BDS calls for the boycott of Israeli goods, divestment from companies involved in the occupation of Arab territories and sanctions to force the Israeli government to comply with international law and respect the rights of Palestinians, including the right of return for Palestinian refugees. Inspired by the boycott campaign against Apartheid South Africa, BDS has attracted many supporters, but critics have claimed that BDS singles out Israel and delegitimises its existence. Accusations of antisemitism within the movement should of course be taken seriously: BDS supporters have previously been accused of employing antisemitic rhetoric about malign Jewish influence and intimidating Jewish students on campus. However, many of BDS’ core demands are clearly not antisemitic. Since the BDS lacks a central leadership that would issue official stances, it is difficult to make blanket statements about the movement in its entirety.

The 2019 resolution is now being cited to shut down cultural events. A planned exhibition in Essen on Afrofuturism was cancelled over social media posts that, according to the museum, “do not acknowledge the terroristic attack of the Hamas and consider the Israeli military operation in Gaza a genocide” and expressed support for BDS. The Frankfurt book fair “indefinitely postponed” a literary prize for the Palestinian author Adania Shibli, after one member of the jury resigned due to supposed anti-Israel and antisemitic themes in her book. Shibli has since been accused by the left-wing Taz newspaper of being an “engaged BDS supporter” for having signed one BDS letter in 2007 and a 2019 letter that criticised the city of Dortmund for revoking another literary price for an author that supports BDS. A presentation by the award-winning Forensic Architecture research group at Goldsmiths (University of London), which has analysed human rights abuses in SyriaVenezuela and Palestine as well as Neo-Nazi murders in Germany, was likewise cancelled by the University of Aachen which cited the group’s founder Eyal Weizman’s support for BDS.

The curtailing of civic space increasingly affects voices that have stood up for human rights at great personal risk. The Syrian opposition activist Wafa Ali Mustafa was detained by Berlin police near a pro-Palestine protest, reportedly for wearing a keffiyeh scarf. Similarly, the Heinrich-Böll-Stiftung, which is associated with the centre-left Green Party, pulled out of the Hannah Arendt prize ceremony, which was due to be awarded to the renowned Russian dissident, philosopher and human rights advocate Masha Gessen. Despite acknowledging differences between the two, Gessen had compared Gaza to the Jewish ghettoes in Nazi-occupied Europe in an article about the politics of memory in Germany, the Soviet Union, Russia, Poland, Ukraine, Hungary and Israel.

Conversation stoppers

Alarm bells should ring as one of Europe’s major liberal democracies has taken an authoritarian turn in the aftermath of 7 October. Germany’s noble commitment to its historical responsibility in the face of rising antisemitism is morphing into a suppression of voices advocating for Palestinian political self-determination and human rights.

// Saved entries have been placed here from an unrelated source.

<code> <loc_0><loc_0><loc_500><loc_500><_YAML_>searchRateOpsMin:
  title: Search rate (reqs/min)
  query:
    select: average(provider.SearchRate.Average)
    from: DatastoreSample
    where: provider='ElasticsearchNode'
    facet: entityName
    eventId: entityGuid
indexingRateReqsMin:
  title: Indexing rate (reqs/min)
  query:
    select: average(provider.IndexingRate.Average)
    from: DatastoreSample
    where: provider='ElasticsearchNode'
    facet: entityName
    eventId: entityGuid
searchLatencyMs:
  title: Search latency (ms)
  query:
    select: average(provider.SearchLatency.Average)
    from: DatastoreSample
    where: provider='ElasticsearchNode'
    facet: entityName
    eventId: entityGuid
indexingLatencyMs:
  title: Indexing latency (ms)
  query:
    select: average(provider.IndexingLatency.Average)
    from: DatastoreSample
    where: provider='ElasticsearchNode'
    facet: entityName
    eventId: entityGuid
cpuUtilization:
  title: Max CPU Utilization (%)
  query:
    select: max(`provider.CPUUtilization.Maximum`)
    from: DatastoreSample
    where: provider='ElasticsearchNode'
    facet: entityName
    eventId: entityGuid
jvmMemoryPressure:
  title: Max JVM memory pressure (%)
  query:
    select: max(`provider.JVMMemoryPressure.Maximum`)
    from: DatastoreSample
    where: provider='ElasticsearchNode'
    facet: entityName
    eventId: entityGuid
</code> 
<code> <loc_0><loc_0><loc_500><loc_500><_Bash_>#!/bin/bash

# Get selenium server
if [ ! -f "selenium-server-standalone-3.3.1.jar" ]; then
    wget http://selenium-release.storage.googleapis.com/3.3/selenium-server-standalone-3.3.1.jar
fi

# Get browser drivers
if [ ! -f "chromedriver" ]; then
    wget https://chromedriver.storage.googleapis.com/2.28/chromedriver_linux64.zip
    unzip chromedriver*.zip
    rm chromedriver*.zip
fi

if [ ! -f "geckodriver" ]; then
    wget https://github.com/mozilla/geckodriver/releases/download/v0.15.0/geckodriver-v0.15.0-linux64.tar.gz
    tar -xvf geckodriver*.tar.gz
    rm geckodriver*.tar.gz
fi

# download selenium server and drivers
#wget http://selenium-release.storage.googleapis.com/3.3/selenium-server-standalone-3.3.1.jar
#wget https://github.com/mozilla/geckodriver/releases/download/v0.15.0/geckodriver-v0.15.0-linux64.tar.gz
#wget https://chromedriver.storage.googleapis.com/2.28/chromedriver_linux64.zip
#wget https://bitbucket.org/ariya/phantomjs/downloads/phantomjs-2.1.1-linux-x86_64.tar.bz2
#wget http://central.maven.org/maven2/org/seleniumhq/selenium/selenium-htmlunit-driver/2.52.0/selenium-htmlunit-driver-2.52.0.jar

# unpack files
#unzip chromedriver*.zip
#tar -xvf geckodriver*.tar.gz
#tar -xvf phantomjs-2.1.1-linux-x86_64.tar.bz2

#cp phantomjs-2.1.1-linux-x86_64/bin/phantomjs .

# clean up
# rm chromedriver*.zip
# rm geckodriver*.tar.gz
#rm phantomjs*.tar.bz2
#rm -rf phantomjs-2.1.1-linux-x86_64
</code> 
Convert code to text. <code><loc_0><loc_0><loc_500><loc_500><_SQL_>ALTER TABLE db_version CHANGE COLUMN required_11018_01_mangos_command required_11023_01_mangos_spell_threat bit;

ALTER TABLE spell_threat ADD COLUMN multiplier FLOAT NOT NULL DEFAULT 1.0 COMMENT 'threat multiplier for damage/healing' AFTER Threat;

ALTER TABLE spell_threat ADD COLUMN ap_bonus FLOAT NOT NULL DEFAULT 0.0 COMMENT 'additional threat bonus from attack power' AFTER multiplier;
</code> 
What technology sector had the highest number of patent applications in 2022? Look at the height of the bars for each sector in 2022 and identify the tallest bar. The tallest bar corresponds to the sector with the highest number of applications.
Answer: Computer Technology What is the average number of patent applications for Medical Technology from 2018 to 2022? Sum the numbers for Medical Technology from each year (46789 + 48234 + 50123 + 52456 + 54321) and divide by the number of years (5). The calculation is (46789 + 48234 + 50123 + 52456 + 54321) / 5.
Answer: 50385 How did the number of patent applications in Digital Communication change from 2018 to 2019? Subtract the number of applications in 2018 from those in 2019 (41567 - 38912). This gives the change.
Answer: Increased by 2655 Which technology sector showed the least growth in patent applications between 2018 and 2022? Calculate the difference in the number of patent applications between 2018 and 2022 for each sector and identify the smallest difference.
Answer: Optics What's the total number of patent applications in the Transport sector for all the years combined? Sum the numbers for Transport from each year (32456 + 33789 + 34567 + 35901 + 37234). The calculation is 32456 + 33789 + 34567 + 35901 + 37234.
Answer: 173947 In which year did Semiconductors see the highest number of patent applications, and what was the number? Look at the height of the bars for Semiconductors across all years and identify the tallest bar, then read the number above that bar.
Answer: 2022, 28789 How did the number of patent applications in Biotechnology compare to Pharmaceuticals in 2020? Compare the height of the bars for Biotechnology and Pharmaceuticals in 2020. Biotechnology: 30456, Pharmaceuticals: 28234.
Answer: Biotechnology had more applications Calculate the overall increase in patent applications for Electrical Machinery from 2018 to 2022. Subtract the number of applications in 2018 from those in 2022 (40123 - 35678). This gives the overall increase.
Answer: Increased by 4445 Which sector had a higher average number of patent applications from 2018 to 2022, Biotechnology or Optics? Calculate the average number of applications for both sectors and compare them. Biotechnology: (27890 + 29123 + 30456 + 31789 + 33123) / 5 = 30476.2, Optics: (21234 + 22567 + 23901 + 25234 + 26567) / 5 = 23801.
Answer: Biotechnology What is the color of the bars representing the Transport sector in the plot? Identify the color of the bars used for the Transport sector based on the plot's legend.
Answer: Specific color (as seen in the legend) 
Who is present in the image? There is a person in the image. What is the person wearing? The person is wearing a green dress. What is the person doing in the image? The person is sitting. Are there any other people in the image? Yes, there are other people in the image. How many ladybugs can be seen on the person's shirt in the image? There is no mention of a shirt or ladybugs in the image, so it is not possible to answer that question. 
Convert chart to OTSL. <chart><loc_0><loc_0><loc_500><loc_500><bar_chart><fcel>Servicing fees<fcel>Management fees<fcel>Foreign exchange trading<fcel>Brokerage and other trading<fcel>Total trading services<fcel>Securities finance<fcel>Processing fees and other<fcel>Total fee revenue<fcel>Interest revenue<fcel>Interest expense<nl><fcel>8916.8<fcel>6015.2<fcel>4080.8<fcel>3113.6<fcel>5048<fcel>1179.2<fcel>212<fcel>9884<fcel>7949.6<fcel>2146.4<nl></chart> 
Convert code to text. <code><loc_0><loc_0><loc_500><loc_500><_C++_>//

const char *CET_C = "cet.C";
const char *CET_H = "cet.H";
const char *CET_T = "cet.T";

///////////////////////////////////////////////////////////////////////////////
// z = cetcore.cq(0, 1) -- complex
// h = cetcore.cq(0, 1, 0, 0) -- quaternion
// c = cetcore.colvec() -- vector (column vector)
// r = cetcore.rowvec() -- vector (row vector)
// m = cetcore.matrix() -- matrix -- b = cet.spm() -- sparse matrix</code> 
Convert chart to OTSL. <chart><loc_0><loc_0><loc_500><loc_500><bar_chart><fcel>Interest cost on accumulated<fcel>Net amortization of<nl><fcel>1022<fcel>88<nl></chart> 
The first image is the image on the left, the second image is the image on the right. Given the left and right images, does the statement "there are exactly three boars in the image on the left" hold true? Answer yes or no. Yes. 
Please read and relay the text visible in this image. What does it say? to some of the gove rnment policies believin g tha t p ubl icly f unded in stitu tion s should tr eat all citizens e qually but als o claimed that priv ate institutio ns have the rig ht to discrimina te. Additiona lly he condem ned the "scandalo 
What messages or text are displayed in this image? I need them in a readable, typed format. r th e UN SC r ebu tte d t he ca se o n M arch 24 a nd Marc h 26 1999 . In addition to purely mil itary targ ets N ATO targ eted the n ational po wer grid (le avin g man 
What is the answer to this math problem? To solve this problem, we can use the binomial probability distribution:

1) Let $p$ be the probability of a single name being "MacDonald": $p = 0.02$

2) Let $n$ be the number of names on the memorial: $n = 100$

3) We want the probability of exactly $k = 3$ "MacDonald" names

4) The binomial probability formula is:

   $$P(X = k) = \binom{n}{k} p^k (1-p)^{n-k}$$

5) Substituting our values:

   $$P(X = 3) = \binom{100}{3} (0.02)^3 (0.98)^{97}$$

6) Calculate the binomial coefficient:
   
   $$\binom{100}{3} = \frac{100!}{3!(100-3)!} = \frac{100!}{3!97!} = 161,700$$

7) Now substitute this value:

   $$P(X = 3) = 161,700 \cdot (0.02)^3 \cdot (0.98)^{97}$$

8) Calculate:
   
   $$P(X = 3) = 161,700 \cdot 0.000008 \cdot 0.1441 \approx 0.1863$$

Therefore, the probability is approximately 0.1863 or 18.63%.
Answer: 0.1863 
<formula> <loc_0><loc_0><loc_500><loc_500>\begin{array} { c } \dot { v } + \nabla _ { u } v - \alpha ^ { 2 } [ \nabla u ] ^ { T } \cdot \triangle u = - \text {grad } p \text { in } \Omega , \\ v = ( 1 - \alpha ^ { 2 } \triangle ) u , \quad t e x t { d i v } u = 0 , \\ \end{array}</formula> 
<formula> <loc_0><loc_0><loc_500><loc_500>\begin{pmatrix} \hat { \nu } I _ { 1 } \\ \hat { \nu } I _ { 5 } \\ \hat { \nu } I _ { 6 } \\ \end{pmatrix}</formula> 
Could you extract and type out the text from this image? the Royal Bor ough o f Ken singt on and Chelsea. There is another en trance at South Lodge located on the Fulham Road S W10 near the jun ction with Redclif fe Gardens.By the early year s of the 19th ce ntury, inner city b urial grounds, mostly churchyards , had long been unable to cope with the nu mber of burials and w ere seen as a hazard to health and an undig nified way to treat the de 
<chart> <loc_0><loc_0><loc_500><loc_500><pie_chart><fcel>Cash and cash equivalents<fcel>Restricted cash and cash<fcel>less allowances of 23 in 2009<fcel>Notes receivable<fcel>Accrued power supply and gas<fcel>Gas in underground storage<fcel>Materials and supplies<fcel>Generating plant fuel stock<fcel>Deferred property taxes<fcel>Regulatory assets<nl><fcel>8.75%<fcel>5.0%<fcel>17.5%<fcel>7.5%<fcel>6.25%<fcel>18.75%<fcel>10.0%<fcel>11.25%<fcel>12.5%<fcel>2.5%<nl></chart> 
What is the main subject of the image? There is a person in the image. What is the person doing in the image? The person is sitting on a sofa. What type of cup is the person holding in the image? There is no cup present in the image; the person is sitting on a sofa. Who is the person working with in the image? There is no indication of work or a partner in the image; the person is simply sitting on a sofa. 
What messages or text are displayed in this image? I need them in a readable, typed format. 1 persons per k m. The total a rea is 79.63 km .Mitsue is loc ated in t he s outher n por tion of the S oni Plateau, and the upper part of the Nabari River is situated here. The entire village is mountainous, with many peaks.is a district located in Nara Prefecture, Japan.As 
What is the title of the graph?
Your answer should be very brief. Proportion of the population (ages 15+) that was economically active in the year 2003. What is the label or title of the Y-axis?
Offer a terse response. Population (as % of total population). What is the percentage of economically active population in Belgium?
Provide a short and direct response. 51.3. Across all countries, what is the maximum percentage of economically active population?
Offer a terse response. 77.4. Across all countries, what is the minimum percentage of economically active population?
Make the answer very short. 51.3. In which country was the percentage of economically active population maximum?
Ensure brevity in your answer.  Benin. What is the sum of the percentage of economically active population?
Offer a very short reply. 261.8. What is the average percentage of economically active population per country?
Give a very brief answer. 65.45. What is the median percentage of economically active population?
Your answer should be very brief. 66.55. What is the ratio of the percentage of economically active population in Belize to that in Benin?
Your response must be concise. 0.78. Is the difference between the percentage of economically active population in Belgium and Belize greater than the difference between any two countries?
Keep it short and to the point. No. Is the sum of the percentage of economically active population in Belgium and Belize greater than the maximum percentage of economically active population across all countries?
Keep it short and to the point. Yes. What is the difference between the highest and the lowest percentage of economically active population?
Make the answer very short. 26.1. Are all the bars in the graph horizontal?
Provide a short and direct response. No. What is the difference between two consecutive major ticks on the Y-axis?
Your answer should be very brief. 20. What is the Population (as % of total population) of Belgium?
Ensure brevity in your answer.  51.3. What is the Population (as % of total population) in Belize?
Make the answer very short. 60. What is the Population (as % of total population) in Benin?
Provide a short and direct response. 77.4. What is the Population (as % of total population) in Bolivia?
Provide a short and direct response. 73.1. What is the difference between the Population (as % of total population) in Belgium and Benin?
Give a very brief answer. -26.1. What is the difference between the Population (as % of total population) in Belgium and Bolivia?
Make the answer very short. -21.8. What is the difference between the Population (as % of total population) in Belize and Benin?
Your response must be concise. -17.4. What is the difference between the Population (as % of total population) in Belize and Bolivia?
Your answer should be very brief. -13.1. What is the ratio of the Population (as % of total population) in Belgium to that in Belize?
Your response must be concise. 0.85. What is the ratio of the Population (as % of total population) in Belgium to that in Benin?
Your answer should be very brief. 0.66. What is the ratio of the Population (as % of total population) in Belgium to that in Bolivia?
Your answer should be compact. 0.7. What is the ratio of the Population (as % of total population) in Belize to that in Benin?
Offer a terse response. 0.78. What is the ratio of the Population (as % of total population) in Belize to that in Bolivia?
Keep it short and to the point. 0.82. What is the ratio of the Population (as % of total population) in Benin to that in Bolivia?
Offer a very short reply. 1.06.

In this distorted reality, civic spaces are eroded, cultural symbols banned, political symbols falsely conflated with support for terrorism and events are shut down. So far, there has been little pushback or critical debate about these worrying developments. To the contrary: politicians, foundations, cultural institutions and media outlets seem to be closing ranks under the shadow of the 2019 BDS resolution and a skewed interpretation of the IHRA definition.

Following the appalling violence committed by Hamas on 7 October, and the scale of civilian suffering in Gaza due to the subsequent Israeli military offensive, polarisation and tension between communities have been on the rise. In this context, it is crucial to be able to have passionate, empathetic, controversial and nuanced discussions about the conflict, its history, the present impasse, potential ways forward and its impact on Jewish, Muslim and Arab communities abroad. With the voices of activists, authors and even internationally renowned human rights advocates being increasingly isolated, these vital exchanges are prevented from taking place.